## Task
Read the records and gather each line that includes "with".

## Data shown
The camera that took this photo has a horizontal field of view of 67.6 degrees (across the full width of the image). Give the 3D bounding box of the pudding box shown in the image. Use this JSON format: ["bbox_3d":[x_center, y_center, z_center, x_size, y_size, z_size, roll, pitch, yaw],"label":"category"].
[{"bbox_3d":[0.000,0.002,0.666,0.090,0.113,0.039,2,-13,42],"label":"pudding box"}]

---

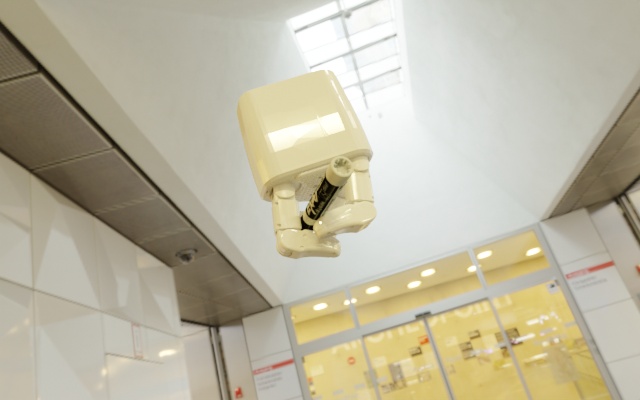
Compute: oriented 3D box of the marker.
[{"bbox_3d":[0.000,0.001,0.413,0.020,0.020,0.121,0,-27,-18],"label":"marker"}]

--

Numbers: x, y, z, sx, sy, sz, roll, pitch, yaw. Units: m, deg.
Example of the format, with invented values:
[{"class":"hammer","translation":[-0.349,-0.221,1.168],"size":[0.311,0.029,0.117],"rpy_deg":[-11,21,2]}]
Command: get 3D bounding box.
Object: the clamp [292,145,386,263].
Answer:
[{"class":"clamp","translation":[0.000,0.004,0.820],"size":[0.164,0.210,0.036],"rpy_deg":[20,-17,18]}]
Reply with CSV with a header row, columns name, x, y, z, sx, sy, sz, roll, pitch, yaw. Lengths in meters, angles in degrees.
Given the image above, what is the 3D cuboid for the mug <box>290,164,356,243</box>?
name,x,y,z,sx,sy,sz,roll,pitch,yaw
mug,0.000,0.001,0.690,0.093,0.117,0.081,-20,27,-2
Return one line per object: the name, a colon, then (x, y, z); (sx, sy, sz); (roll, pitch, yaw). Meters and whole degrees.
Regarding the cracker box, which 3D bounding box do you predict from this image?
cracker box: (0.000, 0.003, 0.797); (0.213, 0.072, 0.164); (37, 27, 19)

## Task result
Example of the format, with invented values:
Reply with CSV with a header row, columns name, x, y, z, sx, sy, sz, roll, pitch, yaw. Lengths in meters, angles in degrees.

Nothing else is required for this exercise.